== What to produce ==
With the pictures left out, copy the records below exactly from the first line down to the line holding "For every layout", and include that line.

[Record extracts]

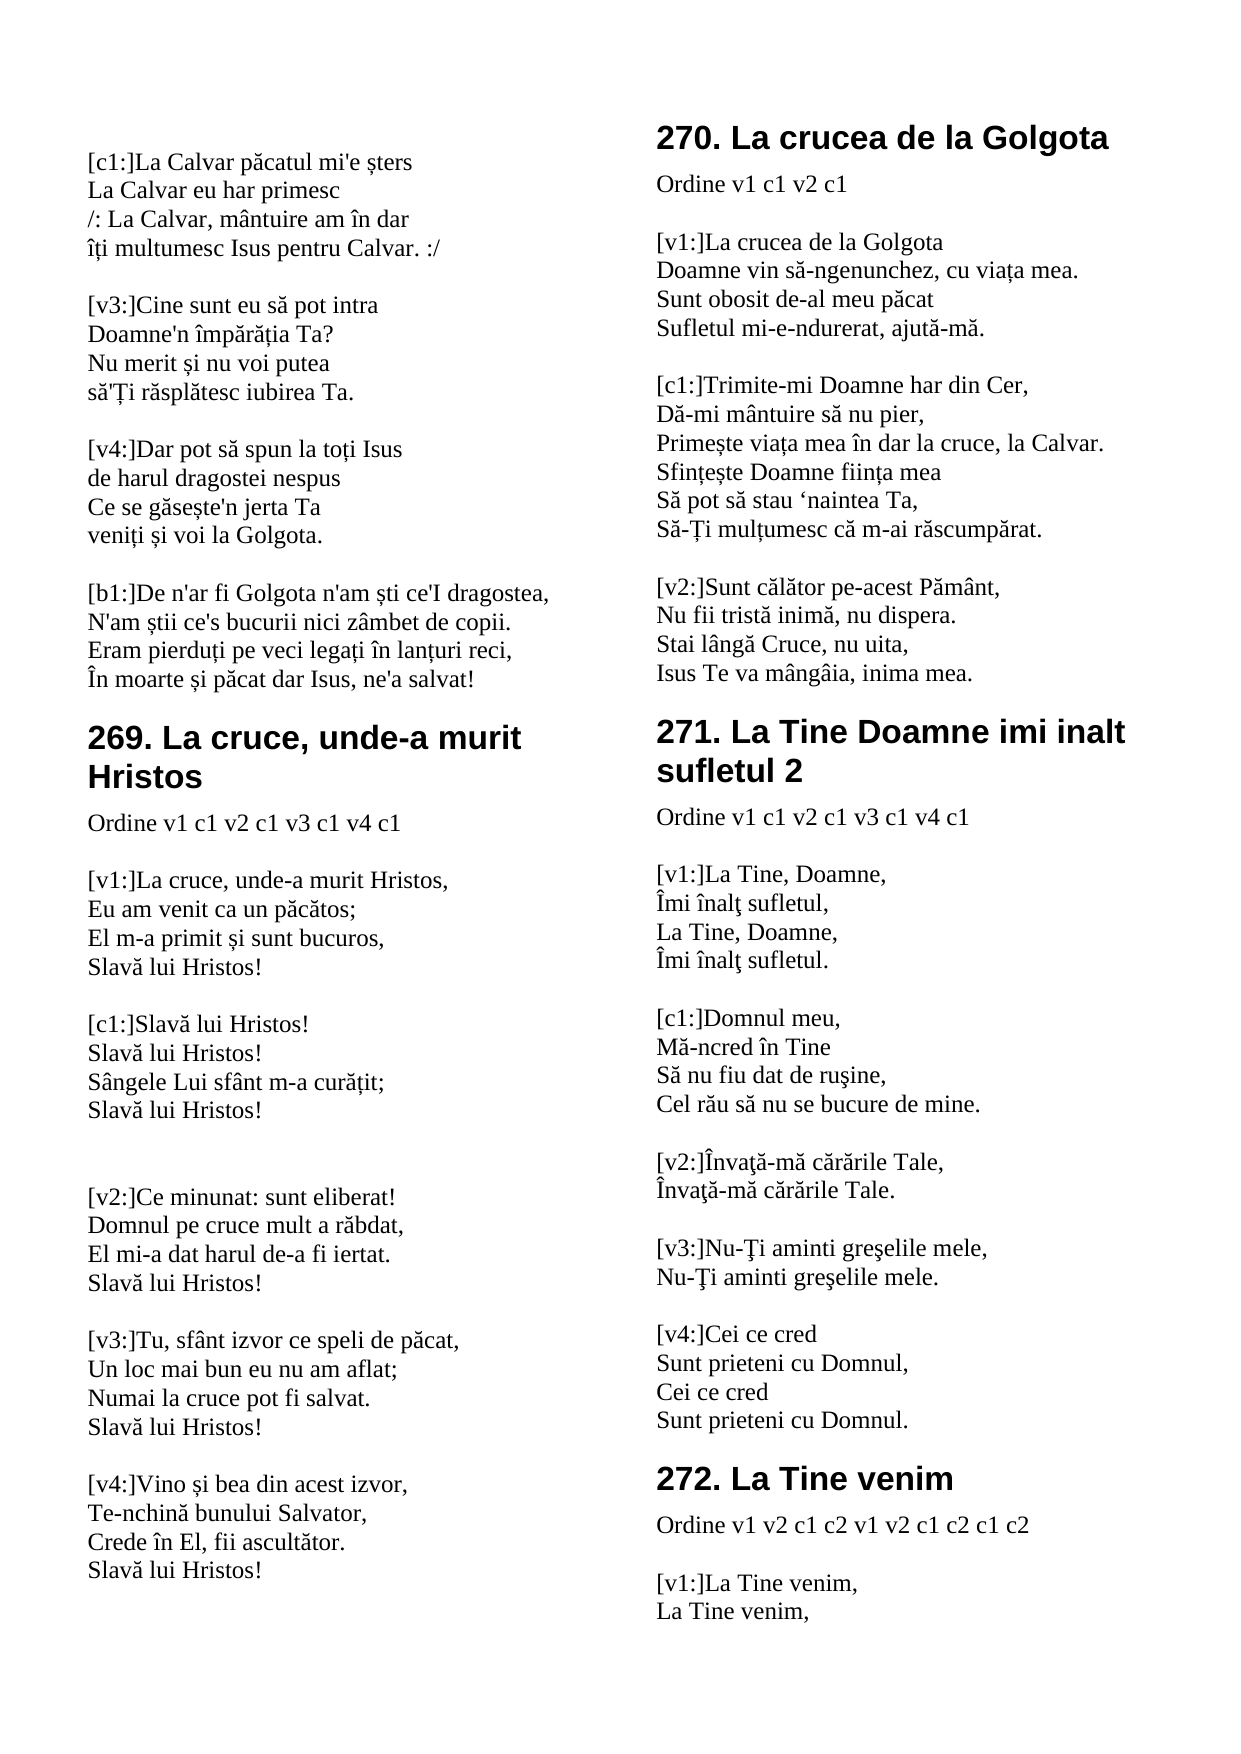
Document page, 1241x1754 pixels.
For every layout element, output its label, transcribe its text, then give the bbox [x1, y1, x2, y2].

text Ordine v1 c1 v2 c1 v3 c1 v4 c1 [v1:]La cruce, unde-a murit Hristos, Eu am venit ca un păcătos; El m-a primit și sunt bucuros, Slavă lui Hristos! [c1:]Slavă lui Hristos! Slavă lui Hristos! Sângele Lui sfânt m-a curățit; Slavă lui Hristos! [v2:]Ce minunat: sunt eliberat! Domnul pe cruce mult a răbdat, El mi-a dat harul de-a fi iertat. Slavă lui Hristos! [v3:]Tu, sfânt izvor ce speli de păcat, Un loc mai bun eu nu am aflat; Numai la cruce pot fi salvat. Slavă lui Hristos! [v4:]Vino și bea din acest izvor, Te-nchină bunului Salvator, Crede în El, fii ascultător. Slavă lui Hristos! [87, 808, 597, 1584]
text [c1:]La Calvar păcatul mi'e șters La Calvar eu har primesc /: La Calvar, mântuire am în dar îți multumesc Isus pentru Calvar. :/ [v3:]Cine sunt eu să pot intra Doamne'n împărăția Ta? Nu merit și nu voi putea să'Ți răsplătesc iubirea Ta. [v4:]Dar pot să spun la toți Isus de harul dragostei nespus Ce se găsește'n jerta Ta veniți și voi la Golgota. [b1:]De n'ar fi Golgota n'am ști ce'I dragostea, N'am știi ce's bucurii nici zâmbet de copii. Eram pierduți pe veci legați în lanțuri reci, În moarte și păcat dar Isus, ne'a salvat! [87, 118, 597, 693]
subtitle 271. La Tine Doamne imi inalt sufletul 2 [656, 712, 1166, 789]
subtitle 269. La cruce, unde-a murit Hristos [87, 718, 597, 795]
text Ordine v1 c1 v2 c1 v3 c1 v4 c1 [v1:]La Tine, Doamne, Îmi înalţ sufletul, La Tine, Doamne, Îmi înalţ sufletul. [c1:]Domnul meu, Mă-ncred în Tine Să nu fiu dat de ruşine, Cel rău să nu se bucure de mine. [v2:]Învaţă-mă cărările Tale, Învaţă-mă cărările Tale. [v3:]Nu-Ţi aminti greşelile mele, Nu-Ţi aminti greşelile mele. [v4:]Cei ce cred Sunt prieteni cu Domnul, Cei ce cred Sunt prieteni cu Domnul. [656, 802, 1166, 1434]
subtitle 270. La crucea de la Golgota [656, 118, 1166, 157]
text Ordine v1 c1 v2 c1 [v1:]La crucea de la Golgota Doamne vin să-ngenunchez, cu viața mea. Sunt obosit de-al meu păcat Sufletul mi-e-ndurerat, ajută-mă. [c1:]Trimite-mi Doamne har din Cer, Dă-mi mântuire să nu pier, Primește viața mea în dar la cruce, la Calvar. Sfințește Doamne ființa mea Să pot să stau ‘naintea Ta, Să-Ți mulțumesc că m-ai răscumpărat. [v2:]Sunt călător pe-acest Pământ, Nu fii tristă inimă, nu dispera. Stai lângă Cruce, nu uita, Isus Te va mângâia, inima mea. [656, 169, 1166, 687]
text Ordine v1 v2 c1 c2 v1 v2 c1 c2 c1 c2 [v1:]La Tine venim, La Tine venim, [656, 1510, 1166, 1625]
subtitle 272. La Tine venim [656, 1459, 1166, 1498]
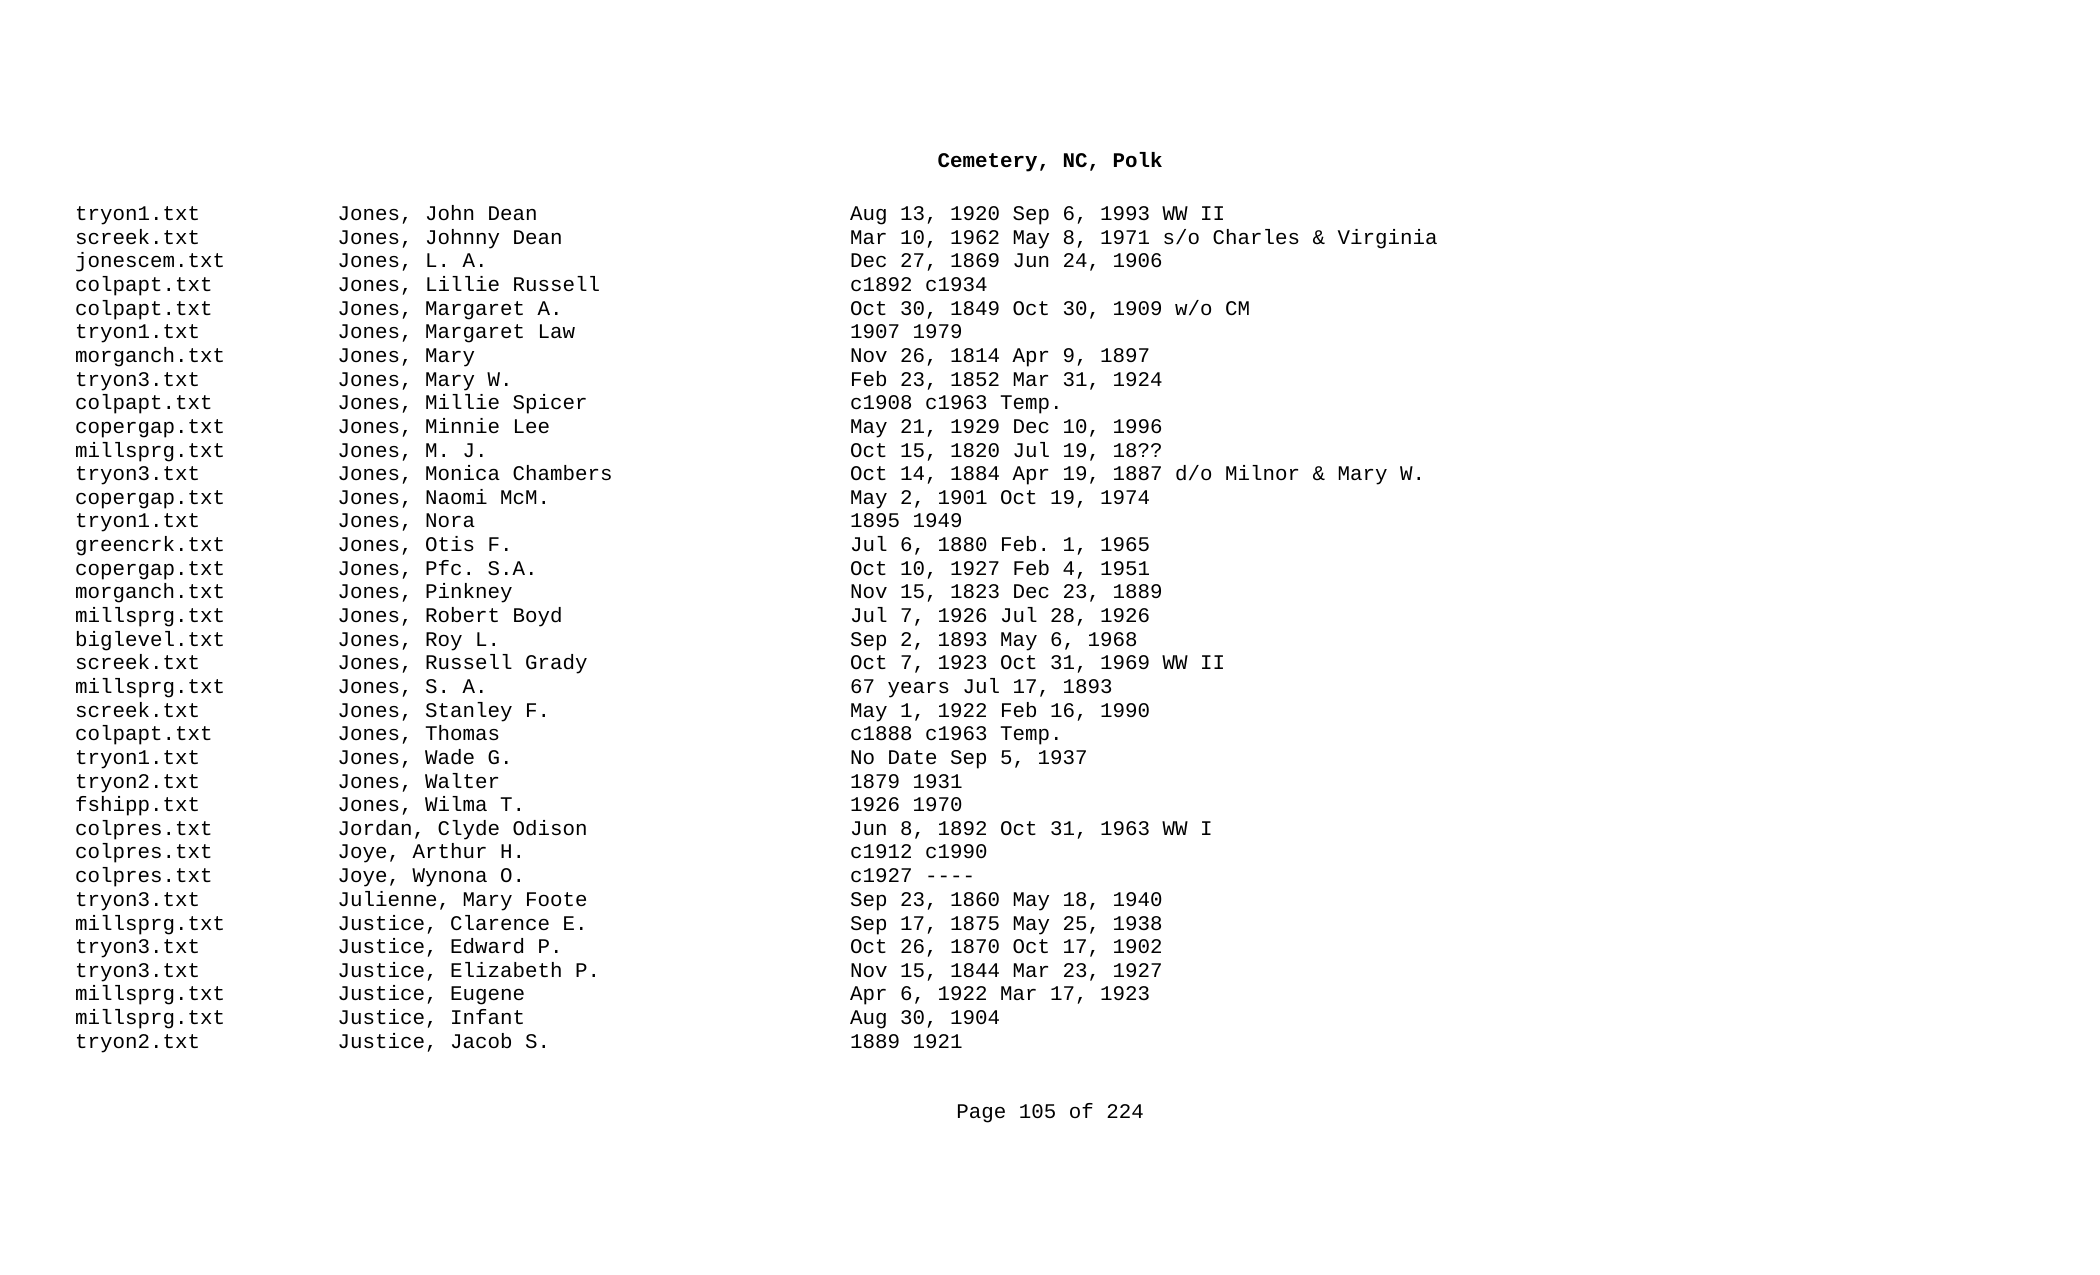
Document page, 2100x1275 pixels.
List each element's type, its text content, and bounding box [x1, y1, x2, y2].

text tryon3.txt Jones, Mary W. Feb 23, 1852 Mar 31, 1924 [75, 369, 2025, 392]
text tryon2.txt Jones, Walter 1879 1931 [75, 771, 2025, 794]
text millsprg.txt Justice, Eugene Apr 6, 1922 Mar 17, 1923 [75, 983, 2025, 1007]
text tryon1.txt Jones, Margaret Law 1907 1979 [75, 321, 2025, 345]
text tryon1.txt Jones, Wade G. No Date Sep 5, 1937 [75, 747, 2025, 771]
text tryon3.txt Jones, Monica Chambers Oct 14, 1884 Apr 19, 1887 d/o Milnor & Mary W. [75, 463, 2025, 487]
text tryon2.txt Justice, Jacob S. 1889 1921 [75, 1031, 2025, 1054]
text millsprg.txt Jones, S. A. 67 years Jul 17, 1893 [75, 676, 2025, 700]
text millsprg.txt Jones, M. J. Oct 15, 1820 Jul 19, 18?? [75, 439, 2025, 463]
text greencrk.txt Jones, Otis F. Jul 6, 1880 Feb. 1, 1965 [75, 534, 2025, 558]
text colpres.txt Joye, Wynona O. c1927 ---- [75, 865, 2025, 889]
text tryon1.txt Jones, Nora 1895 1949 [75, 511, 2025, 534]
text colpapt.txt Jones, Lillie Russell c1892 c1934 [75, 274, 2025, 298]
text tryon3.txt Justice, Edward P. Oct 26, 1870 Oct 17, 1902 [75, 936, 2025, 960]
text millsprg.txt Justice, Infant Aug 30, 1904 [75, 1007, 2025, 1031]
text millsprg.txt Jones, Robert Boyd Jul 7, 1926 Jul 28, 1926 [75, 605, 2025, 629]
text morganch.txt Jones, Pinkney Nov 15, 1823 Dec 23, 1889 [75, 581, 2025, 605]
text screek.txt Jones, Russell Grady Oct 7, 1923 Oct 31, 1969 WW II [75, 652, 2025, 676]
text copergap.txt Jones, Naomi McM. May 2, 1901 Oct 19, 1974 [75, 487, 2025, 511]
text fshipp.txt Jones, Wilma T. 1926 1970 [75, 794, 2025, 818]
text copergap.txt Jones, Pfc. S.A. Oct 10, 1927 Feb 4, 1951 [75, 558, 2025, 581]
text tryon3.txt Justice, Elizabeth P. Nov 15, 1844 Mar 23, 1927 [75, 960, 2025, 983]
text jonescem.txt Jones, L. A. Dec 27, 1869 Jun 24, 1906 [75, 250, 2025, 274]
text biglevel.txt Jones, Roy L. Sep 2, 1893 May 6, 1968 [75, 629, 2025, 652]
text screek.txt Jones, Stanley F. May 1, 1922 Feb 16, 1990 [75, 700, 2025, 723]
text colpres.txt Joye, Arthur H. c1912 c1990 [75, 842, 2025, 865]
text colpres.txt Jordan, Clyde Odison Jun 8, 1892 Oct 31, 1963 WW I [75, 818, 2025, 842]
text colpapt.txt Jones, Margaret A. Oct 30, 1849 Oct 30, 1909 w/o CM [75, 298, 2025, 321]
text colpapt.txt Jones, Thomas c1888 c1963 Temp. [75, 723, 2025, 747]
text morganch.txt Jones, Mary Nov 26, 1814 Apr 9, 1897 [75, 345, 2025, 369]
text copergap.txt Jones, Minnie Lee May 21, 1929 Dec 10, 1996 [75, 416, 2025, 439]
text millsprg.txt Justice, Clarence E. Sep 17, 1875 May 25, 1938 [75, 912, 2025, 936]
text screek.txt Jones, Johnny Dean Mar 10, 1962 May 8, 1971 s/o Charles & Virginia [75, 227, 2025, 250]
text colpapt.txt Jones, Millie Spicer c1908 c1963 Temp. [75, 392, 2025, 416]
text tryon3.txt Julienne, Mary Foote Sep 23, 1860 May 18, 1940 [75, 889, 2025, 912]
text tryon1.txt Jones, John Dean Aug 13, 1920 Sep 6, 1993 WW II [75, 203, 2025, 227]

[/Record extracts]

== Solution below ==
Document page, 1241x1754 pixels.
For every layout element, output its label, transcribe its text, then give the bbox [x1, y1, x2, y2].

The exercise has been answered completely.